Small Chunking Problems

A mentor once told me that I create an impossible to scale mental wall around an objective because I quickly grasp its scope and, once I look at it as a whole, I become intimidated.

For example, at work I started marketing for multiple large clients. My objective is to increase their revenue steadily month-over-month. I’ve never done this before and results often lag by at least 30 days. I’m freaking out about this, because, previously, I’ve only ever worked on one client at a time.

This is often the cause of my gloominess on busy weeks.

The remedy is to “small-chunk.”

So in the case of working on my clients, I have to identify what needs to be (and can reasonably be) done in a month. Then I spend some time on my thinking couch, pondering process. These are both acts of idealism, and I used to stop at either one or the other and FREAK OUT.

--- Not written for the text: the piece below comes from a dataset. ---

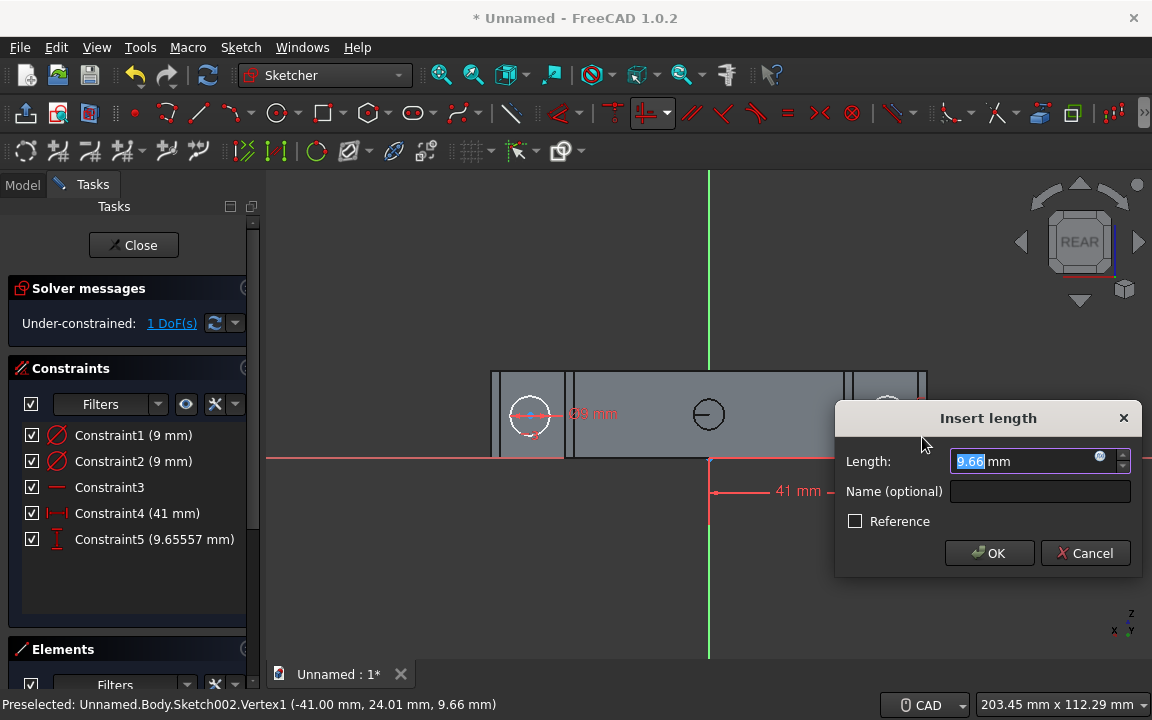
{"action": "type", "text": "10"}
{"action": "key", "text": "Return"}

Now I chunk them into weekly tasks. What comes before the other? What can I outsource? Is this really worth so much of my time or is there a better way? It’s a bit more manageable here, but weekly segments are still daunting.

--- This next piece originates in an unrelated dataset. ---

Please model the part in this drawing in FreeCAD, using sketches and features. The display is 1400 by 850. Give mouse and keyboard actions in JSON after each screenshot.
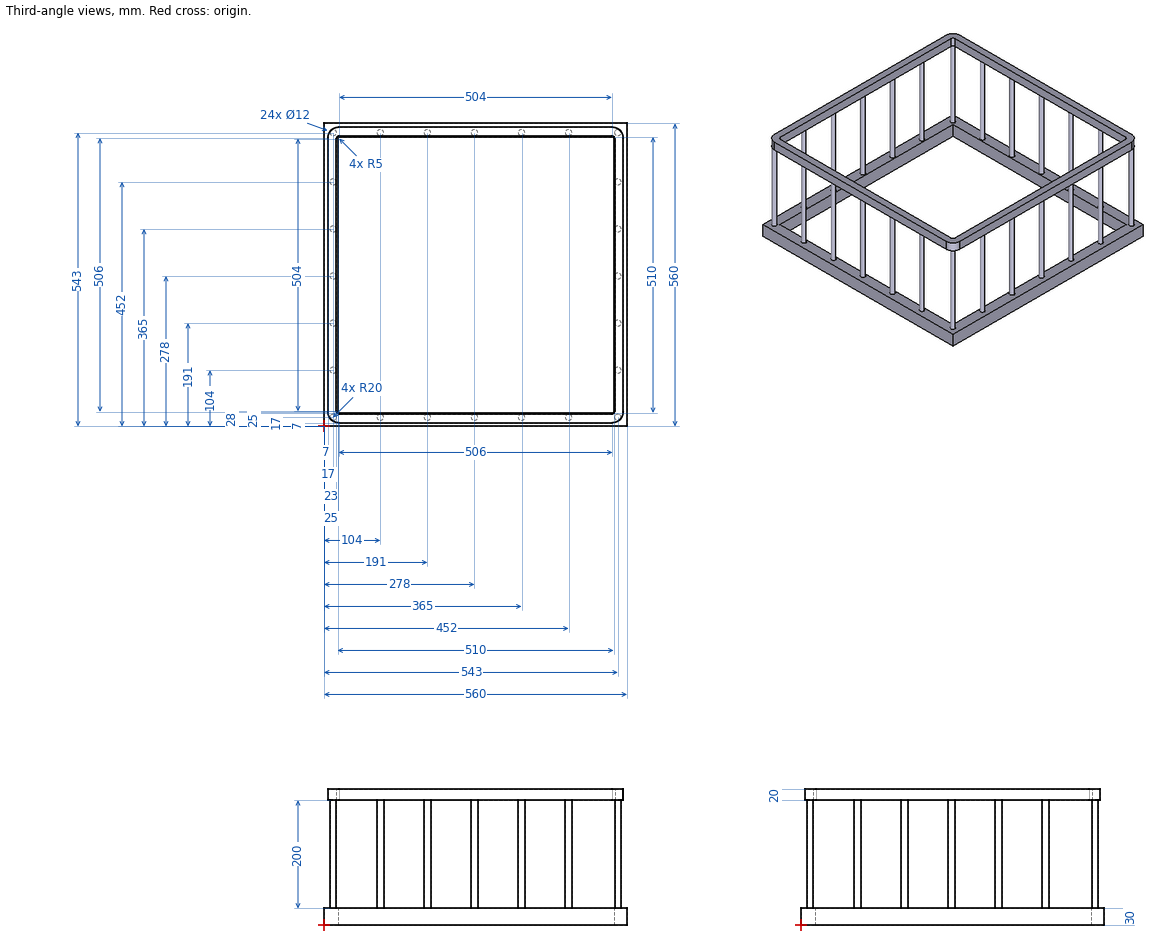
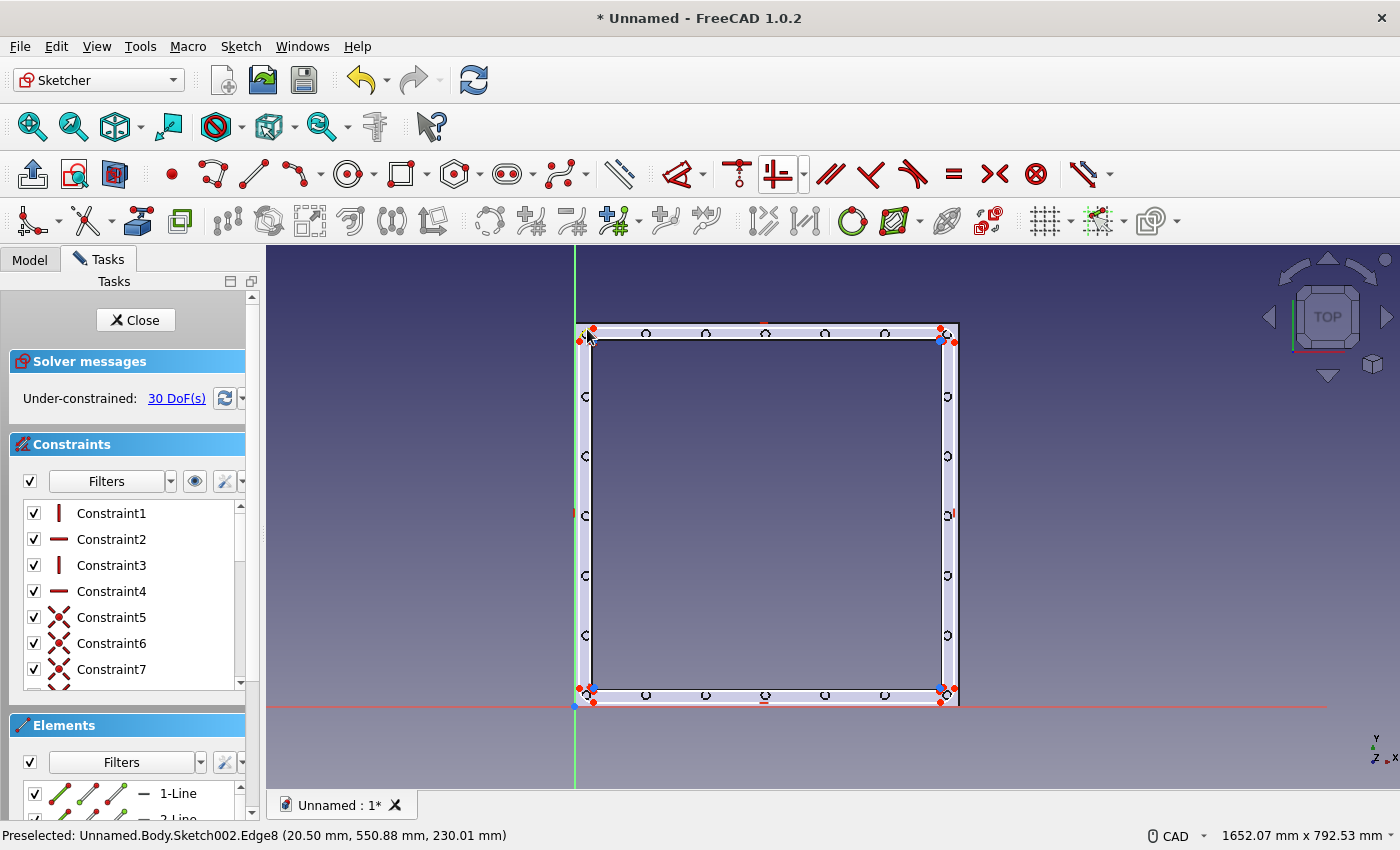
{"action": "scroll", "coordinate": [697, 703], "scroll_direction": "up", "scroll_amount": 6}

My week next week, for example, involves designing 3 campaigns, doing outreach to 120 people, creating communications and publishing them for clients, refining a process for a major tool our company is going to start using, managing a weekly video project, and designing a training schedule for 4 employees who fit into two different roles.

So I chunk it down to days.

Monday, for example, I’ll start by vaguely outlining the training schedule, then I’ll design a campaign, do some outreach (taking notes on the process) and publish our weekly video.

That still sounds like a lot. I have a sticky note on my monitor that says, “Right now I am…” So, right now I am writing out my thoughts on small chunking. And, to the exception of all else including “emergencies,” I’m working on that one thing.

As a note on emergencies: instead of stopping and switching gears for other people’s moment-to-moment problems, I’ve been asking people to send me an email unless I decide that it actually is urgent. I should be doing this more.